トランスフォーマー/ダークサイドムーン

トランスフォーマーのポスター

7/29日(金)のレイトショーで映画『トランスフォーマー/ダークサイドムーン』を観てきました。21:15〜00:05という強引な時間帯だったもののシネコンのそのスクリーンはほぼ満員。

本作の感想は「前半は退屈だったけど後半は面白かった」でしょうか。例によって3時間と長い作品の前半は今回の話の筋立てと寒いギャグを交えたサムの近況説明に終始します。

話は1960年代に遡り、米ソの宇宙開発、アメリカの月有人探査は未知な飛行物体(実態はトランスフォーマー艦)の月への不時着が発端だったことが語られます。ちなみに後ほどバス・オルドリン元宇宙飛行士が登場しますが、演じているのは本人ですね。

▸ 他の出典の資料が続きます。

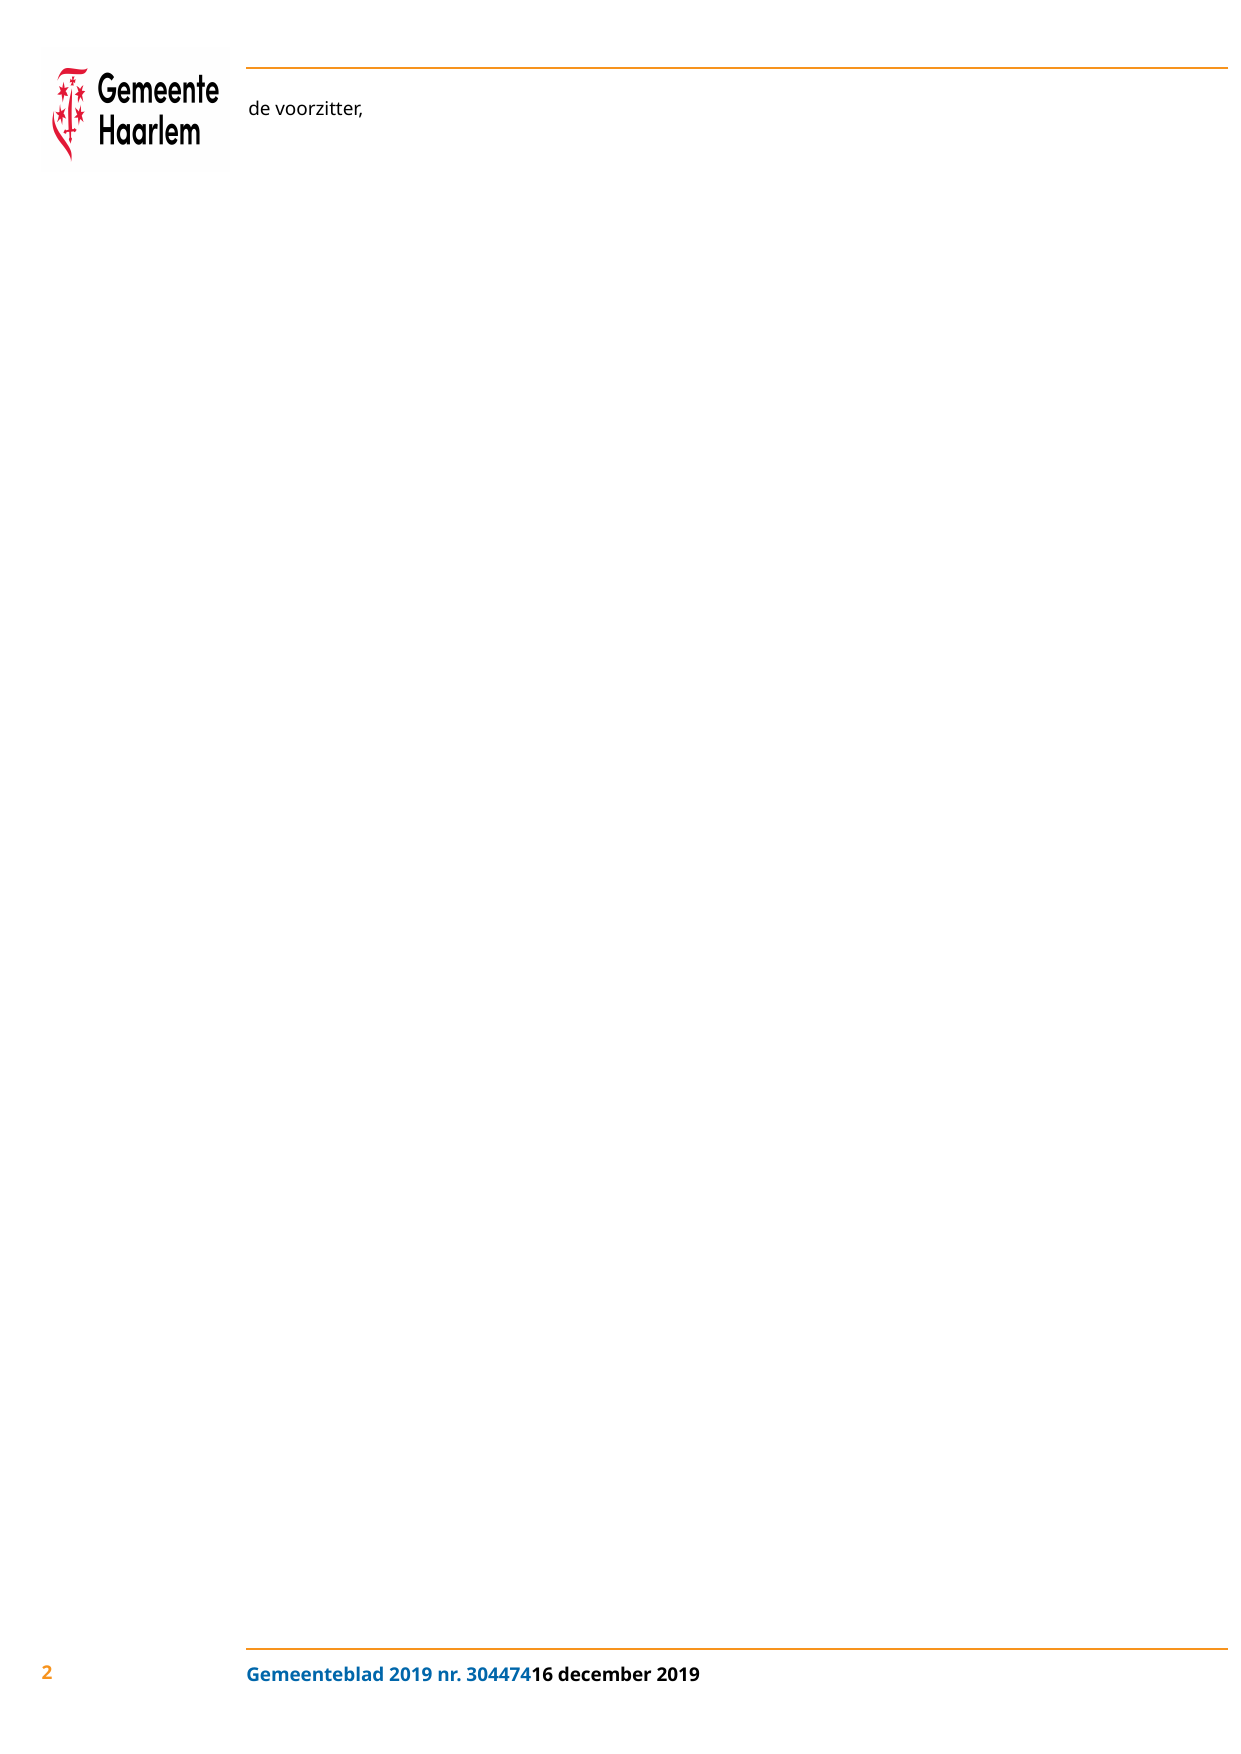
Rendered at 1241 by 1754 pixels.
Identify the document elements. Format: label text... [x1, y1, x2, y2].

text de voorzitter, [248, 95, 1152, 121]
picture [41, 47, 231, 172]

一方でサムは地球と人類を2度も救ったにも関わらず、オバマ大統領から勲章を貰っただけ。大学を出ても就職できていないという話が長々と続きます。いや、これも後に判明する黒幕との関係性の伏線になっているのですが、この辺りがとてもかったるくて…。

さて、物語は次第にオートボットとディセプティコンの戦闘に移っていくのですが、正直、巨大ロボットのプロレスは見ててどっちがどっちかも良く解りません。いや、原色カラーリングがオートボットでメタリックがディセプティコンで、本作は決定的な一撃はスロー再生になっているのですが、それでも何がなんだか。ちなみに私がちゃんと見分けがつくのはオプティマス・プライム、バンブルビー、メガトロン、スタースクリームの四体だけだったりします。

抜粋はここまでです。